50 Tote in Gaza angeblich Hamas-Mitglieder

50 der 60 Todesopfer in Folge der Zusammenstöße im Gazastreifen sollen Hamas-Mitglieder gewesen sein, sagt ein Sprecher der Organisation. Und liefert Israel damit den Beweis, dass ein friedlicher Protest nie geplant war.

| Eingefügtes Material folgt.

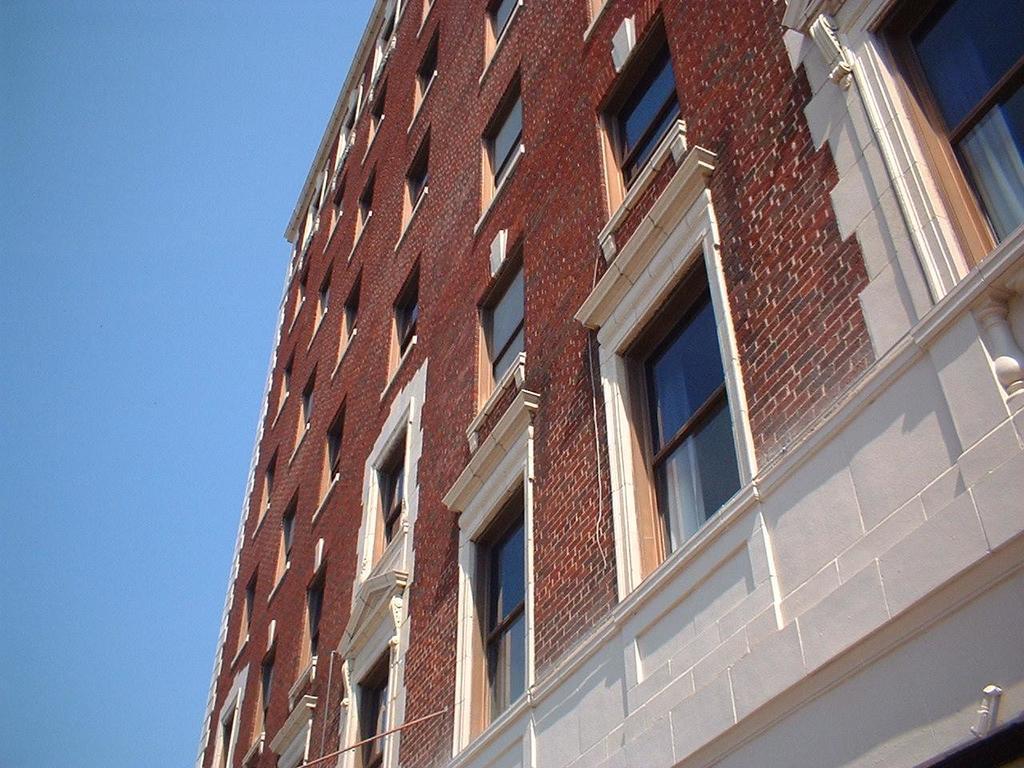Describe this image in one or two sentences. In the picture I can see the building and glass windows. I can see the brick walls. There are clouds in the sky. 
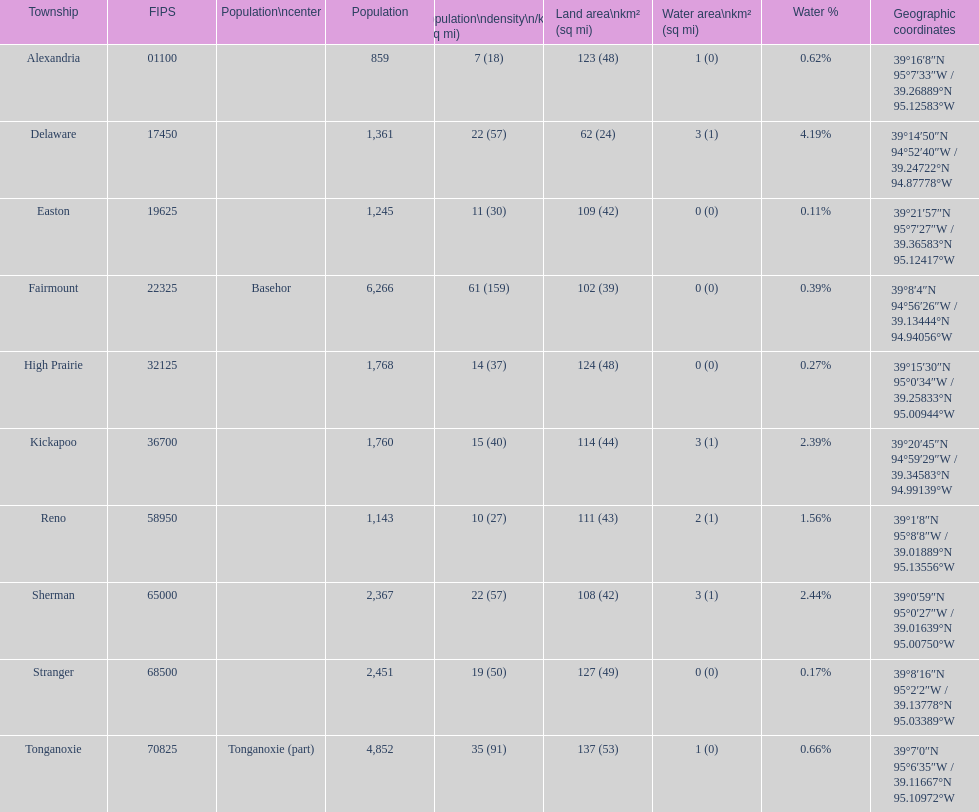Can you provide the count of townships within leavenworth county? 10. 
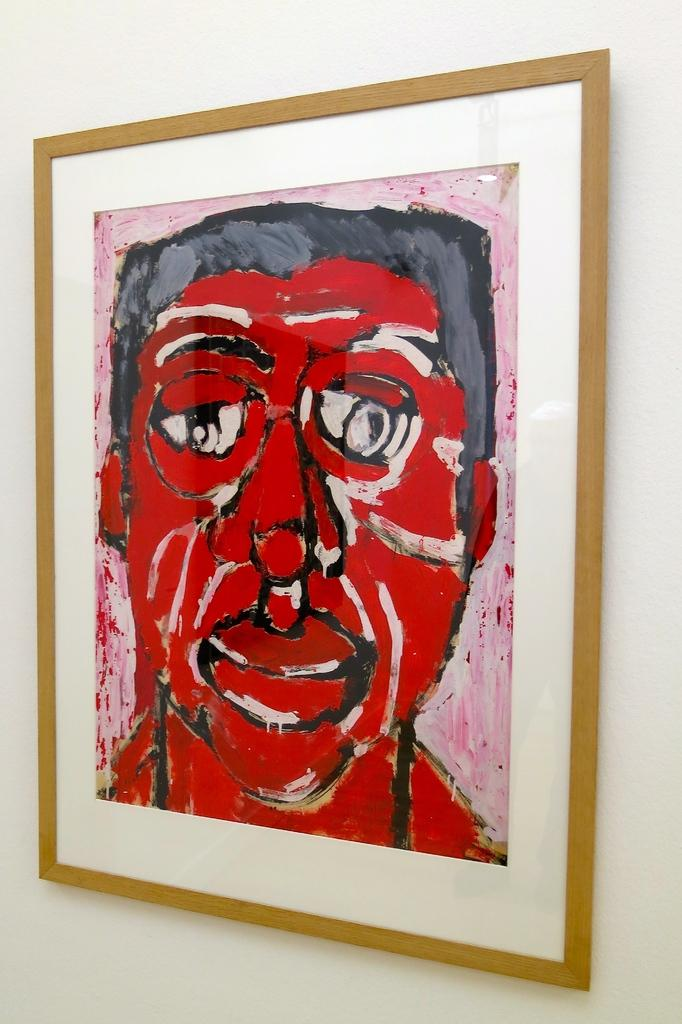What is the main subject in the center of the image? There is a portrait in the image, and it is in the center of the image. What is depicted in the portrait? The subject of the portrait is a man. How many steps does the man in the portrait take in the image? There are no steps or any indication of movement in the image, as it features a portrait of a man. What type of baseball equipment can be seen in the image? There is no baseball equipment present in the image; it features a portrait of a man.

Sanitäter bergen einen palästinenischen Protestanten
Sanitäter bergen einen palästinenischen Protestanten
APA/AFP/SAID KHATIB

Bei den blutigen Ausschreitungen im Gazastreifen am Montag sollen 50 der 60 Todesopfer Mitglieder der Hamas gewesen sein. Das sagte Salah Bardawil, ein Vertreter der radikal islamischen Organisation, am Donnerstag im palästinensischen Fernsehen. Der Sprecher der Organisation, Fausi Barhum, bestätigte die Behauptung jedoch nicht. Barhum sagte lediglich, dass die Hamas die Kosten für die Begräbnisse der 50 Toten übernehme.

Auf die Todesumstände ging Bardawil nicht ein. Auch gab er keine Angaben dazu, wie und warum sie zu Tode kamen. Ein anderer ranghoher Hamas-Vertreter, Bassem Naim, sprach lediglich von der Hamas als einer "großen Bewegung" mit großem Rückhalt in der Bevölkerung. Bei derartigen Protesten seien entsprechend viele Hamas-Anhänger anwesend. Die Getöteten hätten "friedlich" protestiert.

Für Israel Beweis für geplante Aufstände

Die Aussagen zu den Todesopfern wertet Israel nun als Beleg dafür, dass es sich nie um friedliche Proteste gehandelt hat. "Wir nehmen ihn beim Wort, das war kein friedlicher Protest", schreibt Armeesprecher Jonathan Conricus auf Twitter. "Diese Aufstände waren geplant und von Terroristen ausgeführt. Wir verteidigen uns, das ist alles, was wir tun. Auch Regierungssprecher Ofir Gendelman twitterte, Bardawil habe die "Wahrheit offengelegt".

In der Nacht zum Donnerstag flog Israel einen Luftangriff auf Ziele der Hamas im Gazastreifen. Dabei handle es sich um einen Vergeltungsangriff für den Beschuss israelischer Soldaten und der Stadt Sderot vom Vortag, erklärte das Militär. Mehrere Gebäude wurden getroffen, unter anderem die Infrastruktur eines Hamas-Militärkomplex und ein Waffenwerk. Nach Angaben des örtlichen Gesundheitsministeriums wurde bei den Angriffen ein Mensch verletzt.

Seit Wochen kommt es im Gazastreifen immer wieder zu gewaltsamen Unruhen. Am Montag kamen bei Aufständen am Grenzzaun im Gazastreifen 60 Menschen um, 2400 wurden verletzt. Israel feiert derzeit den 70. Jahrestag seiner Staatsgründung, die Palästinenser begehen in diesem Zusammenhang den Tag der "Nakba" (Katastrophe), mit dem sie an die Vertreibung Hunderttausender Menschen erinnern. De Verlegung der US-Botschaft am Montag war ein weiterer Auslöser des neuerlichen Gewaltausbruchs gewesen.